The problem: Below is a listing; repeat exactly the lines from the one containing "How many different coloured bars are there?" to the one containing "Your answer should be very brief. 4.58.", both included.

Records for the task:
◆ ◆ ◆ ◆ ◆
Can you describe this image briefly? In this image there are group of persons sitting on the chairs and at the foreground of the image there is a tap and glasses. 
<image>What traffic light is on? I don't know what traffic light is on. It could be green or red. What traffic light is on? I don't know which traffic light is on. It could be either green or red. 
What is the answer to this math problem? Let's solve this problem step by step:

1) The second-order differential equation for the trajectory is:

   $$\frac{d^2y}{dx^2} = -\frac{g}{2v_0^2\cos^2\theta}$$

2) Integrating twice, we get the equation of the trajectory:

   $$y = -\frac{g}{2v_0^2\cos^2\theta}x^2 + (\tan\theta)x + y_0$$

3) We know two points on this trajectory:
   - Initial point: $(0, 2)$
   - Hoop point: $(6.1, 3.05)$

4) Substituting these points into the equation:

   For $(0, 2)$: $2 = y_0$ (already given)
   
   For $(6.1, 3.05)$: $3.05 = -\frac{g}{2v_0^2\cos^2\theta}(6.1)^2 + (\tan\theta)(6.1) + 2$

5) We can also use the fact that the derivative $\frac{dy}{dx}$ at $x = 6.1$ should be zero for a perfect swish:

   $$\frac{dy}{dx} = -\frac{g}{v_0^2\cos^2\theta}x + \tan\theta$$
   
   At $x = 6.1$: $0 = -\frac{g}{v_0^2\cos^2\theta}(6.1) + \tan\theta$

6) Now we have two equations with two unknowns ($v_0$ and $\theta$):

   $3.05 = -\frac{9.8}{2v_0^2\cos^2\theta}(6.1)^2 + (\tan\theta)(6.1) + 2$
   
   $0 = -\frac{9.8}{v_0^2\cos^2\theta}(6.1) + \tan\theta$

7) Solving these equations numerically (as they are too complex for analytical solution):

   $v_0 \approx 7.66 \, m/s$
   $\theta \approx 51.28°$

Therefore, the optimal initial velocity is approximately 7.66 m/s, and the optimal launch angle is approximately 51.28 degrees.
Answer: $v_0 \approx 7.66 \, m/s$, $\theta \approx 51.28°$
◆ ◆ ◆ ◆ ◆
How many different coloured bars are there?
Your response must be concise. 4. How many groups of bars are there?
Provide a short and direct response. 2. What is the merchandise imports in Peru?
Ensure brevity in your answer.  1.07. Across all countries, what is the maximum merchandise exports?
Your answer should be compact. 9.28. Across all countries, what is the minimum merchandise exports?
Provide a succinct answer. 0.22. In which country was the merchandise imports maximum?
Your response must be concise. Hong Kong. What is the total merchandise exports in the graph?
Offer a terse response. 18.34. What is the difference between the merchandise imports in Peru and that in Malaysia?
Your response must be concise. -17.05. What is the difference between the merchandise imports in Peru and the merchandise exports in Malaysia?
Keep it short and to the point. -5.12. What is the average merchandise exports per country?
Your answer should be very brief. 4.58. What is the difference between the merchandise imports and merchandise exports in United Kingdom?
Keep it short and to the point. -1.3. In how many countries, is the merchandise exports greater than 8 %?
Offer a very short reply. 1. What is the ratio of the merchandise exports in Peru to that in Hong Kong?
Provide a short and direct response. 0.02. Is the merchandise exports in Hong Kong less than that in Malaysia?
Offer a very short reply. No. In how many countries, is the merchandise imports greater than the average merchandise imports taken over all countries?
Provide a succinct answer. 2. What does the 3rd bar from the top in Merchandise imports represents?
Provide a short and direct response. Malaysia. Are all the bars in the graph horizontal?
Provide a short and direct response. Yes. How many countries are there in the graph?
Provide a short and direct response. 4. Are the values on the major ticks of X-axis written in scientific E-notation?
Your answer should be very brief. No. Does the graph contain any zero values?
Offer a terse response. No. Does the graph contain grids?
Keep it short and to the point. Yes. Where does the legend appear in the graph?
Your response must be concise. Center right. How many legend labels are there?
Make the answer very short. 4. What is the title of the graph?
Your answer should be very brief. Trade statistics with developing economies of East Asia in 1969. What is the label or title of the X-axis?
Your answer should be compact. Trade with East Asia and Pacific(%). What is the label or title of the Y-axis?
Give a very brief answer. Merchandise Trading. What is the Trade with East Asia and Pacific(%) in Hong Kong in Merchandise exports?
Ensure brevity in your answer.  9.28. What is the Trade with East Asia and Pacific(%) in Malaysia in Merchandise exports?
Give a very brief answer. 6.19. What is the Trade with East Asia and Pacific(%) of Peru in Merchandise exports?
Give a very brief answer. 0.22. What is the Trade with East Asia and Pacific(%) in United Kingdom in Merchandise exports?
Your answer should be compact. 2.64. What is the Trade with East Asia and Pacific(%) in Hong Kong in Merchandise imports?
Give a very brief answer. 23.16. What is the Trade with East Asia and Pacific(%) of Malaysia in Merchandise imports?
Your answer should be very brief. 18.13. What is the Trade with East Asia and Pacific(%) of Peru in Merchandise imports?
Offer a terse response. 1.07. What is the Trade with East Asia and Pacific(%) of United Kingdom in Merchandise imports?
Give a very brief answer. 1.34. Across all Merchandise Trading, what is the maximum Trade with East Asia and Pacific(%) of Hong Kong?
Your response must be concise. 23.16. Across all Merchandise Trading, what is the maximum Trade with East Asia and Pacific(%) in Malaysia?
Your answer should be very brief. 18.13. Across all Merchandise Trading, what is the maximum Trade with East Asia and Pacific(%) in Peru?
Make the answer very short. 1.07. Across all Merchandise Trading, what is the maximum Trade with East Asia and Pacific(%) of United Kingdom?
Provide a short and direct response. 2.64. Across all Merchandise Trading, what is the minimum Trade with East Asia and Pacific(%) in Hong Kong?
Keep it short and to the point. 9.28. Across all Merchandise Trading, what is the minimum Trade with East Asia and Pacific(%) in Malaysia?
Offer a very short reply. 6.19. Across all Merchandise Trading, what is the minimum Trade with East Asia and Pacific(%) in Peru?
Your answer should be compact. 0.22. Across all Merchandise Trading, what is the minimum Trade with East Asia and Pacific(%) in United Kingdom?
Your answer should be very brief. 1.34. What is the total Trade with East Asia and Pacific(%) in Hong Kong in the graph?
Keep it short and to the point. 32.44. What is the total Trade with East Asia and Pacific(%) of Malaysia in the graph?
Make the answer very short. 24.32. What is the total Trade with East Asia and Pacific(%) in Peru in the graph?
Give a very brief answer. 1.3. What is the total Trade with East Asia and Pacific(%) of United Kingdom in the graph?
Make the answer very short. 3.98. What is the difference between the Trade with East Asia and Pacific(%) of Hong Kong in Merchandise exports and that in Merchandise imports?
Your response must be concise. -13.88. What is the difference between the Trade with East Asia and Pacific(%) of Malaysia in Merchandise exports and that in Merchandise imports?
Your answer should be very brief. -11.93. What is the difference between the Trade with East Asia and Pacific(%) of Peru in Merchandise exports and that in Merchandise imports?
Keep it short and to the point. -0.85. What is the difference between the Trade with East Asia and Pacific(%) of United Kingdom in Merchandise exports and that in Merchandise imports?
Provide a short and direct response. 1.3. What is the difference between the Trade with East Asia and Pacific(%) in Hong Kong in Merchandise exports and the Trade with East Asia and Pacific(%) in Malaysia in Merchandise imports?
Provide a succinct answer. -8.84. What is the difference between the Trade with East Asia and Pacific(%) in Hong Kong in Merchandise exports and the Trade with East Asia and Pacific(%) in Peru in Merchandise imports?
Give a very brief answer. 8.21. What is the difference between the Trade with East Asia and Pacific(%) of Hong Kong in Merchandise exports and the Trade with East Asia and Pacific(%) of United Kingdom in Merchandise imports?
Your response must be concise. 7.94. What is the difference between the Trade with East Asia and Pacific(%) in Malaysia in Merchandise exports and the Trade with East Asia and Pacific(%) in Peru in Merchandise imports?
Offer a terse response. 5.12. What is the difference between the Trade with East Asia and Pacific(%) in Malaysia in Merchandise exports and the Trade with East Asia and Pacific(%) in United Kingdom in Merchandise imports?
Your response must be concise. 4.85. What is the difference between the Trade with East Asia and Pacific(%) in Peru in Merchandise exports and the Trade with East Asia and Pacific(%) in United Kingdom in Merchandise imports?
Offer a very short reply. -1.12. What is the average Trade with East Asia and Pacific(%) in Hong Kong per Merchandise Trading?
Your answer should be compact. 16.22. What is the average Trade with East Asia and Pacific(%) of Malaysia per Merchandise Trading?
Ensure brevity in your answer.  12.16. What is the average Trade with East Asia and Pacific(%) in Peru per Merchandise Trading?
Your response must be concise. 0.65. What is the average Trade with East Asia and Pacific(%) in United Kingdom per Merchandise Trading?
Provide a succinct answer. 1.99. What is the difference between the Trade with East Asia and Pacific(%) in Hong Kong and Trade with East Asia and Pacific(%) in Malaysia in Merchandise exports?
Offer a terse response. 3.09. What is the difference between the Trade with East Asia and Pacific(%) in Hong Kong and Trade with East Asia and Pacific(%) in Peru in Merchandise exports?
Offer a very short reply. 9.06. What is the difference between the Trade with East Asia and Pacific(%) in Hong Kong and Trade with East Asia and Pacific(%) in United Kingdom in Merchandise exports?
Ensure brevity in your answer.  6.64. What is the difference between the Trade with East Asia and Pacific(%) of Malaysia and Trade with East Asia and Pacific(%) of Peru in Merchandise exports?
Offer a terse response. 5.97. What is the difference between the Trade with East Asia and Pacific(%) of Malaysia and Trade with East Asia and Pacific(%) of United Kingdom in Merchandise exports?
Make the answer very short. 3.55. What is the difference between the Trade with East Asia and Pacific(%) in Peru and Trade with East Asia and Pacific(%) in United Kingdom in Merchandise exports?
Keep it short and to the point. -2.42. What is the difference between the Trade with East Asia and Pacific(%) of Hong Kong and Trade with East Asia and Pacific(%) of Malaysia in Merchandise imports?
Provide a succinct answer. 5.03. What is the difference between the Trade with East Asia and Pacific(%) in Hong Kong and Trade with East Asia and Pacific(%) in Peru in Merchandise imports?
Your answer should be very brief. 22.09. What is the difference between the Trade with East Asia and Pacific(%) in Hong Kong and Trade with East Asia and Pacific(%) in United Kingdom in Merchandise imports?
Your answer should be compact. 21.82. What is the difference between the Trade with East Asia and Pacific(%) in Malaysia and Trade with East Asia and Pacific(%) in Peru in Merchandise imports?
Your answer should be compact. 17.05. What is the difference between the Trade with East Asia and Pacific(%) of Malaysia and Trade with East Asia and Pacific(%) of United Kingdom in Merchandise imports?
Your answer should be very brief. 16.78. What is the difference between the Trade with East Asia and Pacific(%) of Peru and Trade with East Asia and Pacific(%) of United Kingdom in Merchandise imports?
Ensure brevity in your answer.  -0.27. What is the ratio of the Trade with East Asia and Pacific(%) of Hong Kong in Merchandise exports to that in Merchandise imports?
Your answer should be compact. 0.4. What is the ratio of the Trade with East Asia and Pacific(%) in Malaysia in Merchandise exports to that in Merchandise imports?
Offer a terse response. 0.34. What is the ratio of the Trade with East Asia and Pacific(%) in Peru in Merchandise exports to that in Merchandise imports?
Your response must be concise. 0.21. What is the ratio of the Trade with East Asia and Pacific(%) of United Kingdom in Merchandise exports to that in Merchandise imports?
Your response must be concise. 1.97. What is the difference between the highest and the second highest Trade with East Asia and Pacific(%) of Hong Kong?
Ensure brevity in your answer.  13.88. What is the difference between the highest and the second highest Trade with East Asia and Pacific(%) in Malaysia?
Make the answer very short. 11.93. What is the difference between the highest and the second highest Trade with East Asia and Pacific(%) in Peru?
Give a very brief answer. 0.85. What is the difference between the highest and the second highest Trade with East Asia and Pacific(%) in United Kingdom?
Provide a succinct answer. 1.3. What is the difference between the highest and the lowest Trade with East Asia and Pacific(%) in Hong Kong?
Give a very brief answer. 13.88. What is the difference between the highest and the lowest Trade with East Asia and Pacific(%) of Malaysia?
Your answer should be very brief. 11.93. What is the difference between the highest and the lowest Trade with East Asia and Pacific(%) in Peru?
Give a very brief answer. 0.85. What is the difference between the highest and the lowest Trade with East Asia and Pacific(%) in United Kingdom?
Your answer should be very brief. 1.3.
◆ ◆ ◆ ◆ ◆
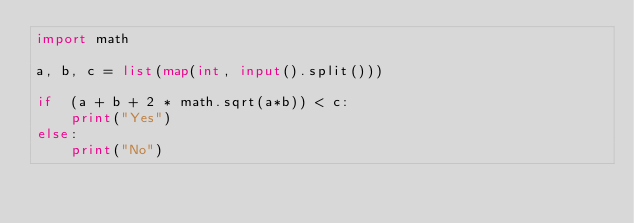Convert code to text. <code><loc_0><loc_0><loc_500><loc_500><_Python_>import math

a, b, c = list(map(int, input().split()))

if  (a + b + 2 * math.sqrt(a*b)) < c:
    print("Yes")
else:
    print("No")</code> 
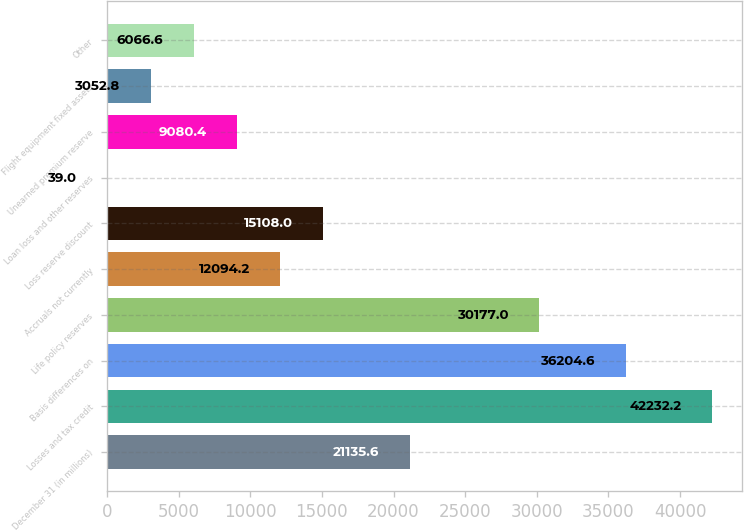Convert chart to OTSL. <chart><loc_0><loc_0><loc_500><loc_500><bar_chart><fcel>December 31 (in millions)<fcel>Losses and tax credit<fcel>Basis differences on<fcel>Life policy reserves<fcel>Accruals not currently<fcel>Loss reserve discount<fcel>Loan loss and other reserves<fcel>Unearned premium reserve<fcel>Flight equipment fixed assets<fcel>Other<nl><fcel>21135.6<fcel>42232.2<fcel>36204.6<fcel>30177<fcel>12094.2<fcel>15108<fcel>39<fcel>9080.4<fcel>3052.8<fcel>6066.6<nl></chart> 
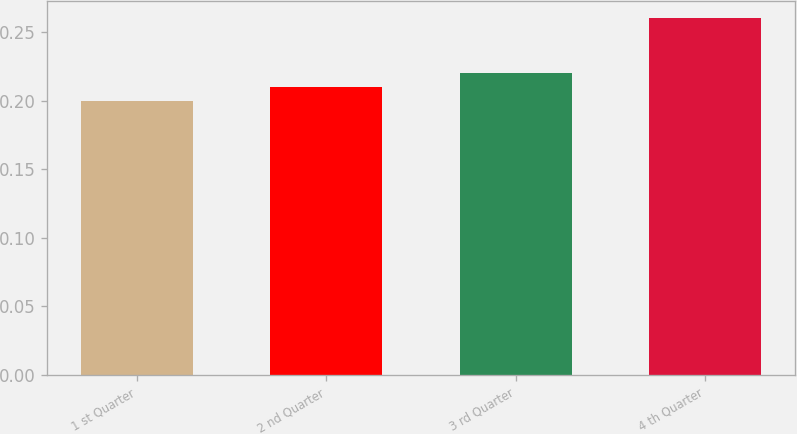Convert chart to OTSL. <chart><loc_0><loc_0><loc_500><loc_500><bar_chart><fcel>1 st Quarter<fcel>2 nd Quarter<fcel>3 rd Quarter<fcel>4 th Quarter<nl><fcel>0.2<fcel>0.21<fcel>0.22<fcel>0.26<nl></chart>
◆ ◆ ◆ ◆ ◆
Exercise result:
How many different coloured bars are there?
Your response must be concise. 4. How many groups of bars are there?
Provide a short and direct response. 2. What is the merchandise imports in Peru?
Ensure brevity in your answer.  1.07. Across all countries, what is the maximum merchandise exports?
Your answer should be compact. 9.28. Across all countries, what is the minimum merchandise exports?
Provide a succinct answer. 0.22. In which country was the merchandise imports maximum?
Your response must be concise. Hong Kong. What is the total merchandise exports in the graph?
Offer a terse response. 18.34. What is the difference between the merchandise imports in Peru and that in Malaysia?
Your response must be concise. -17.05. What is the difference between the merchandise imports in Peru and the merchandise exports in Malaysia?
Keep it short and to the point. -5.12. What is the average merchandise exports per country?
Your answer should be very brief. 4.58. What is the difference between the merchandise imports and merchandise exports in United Kingdom?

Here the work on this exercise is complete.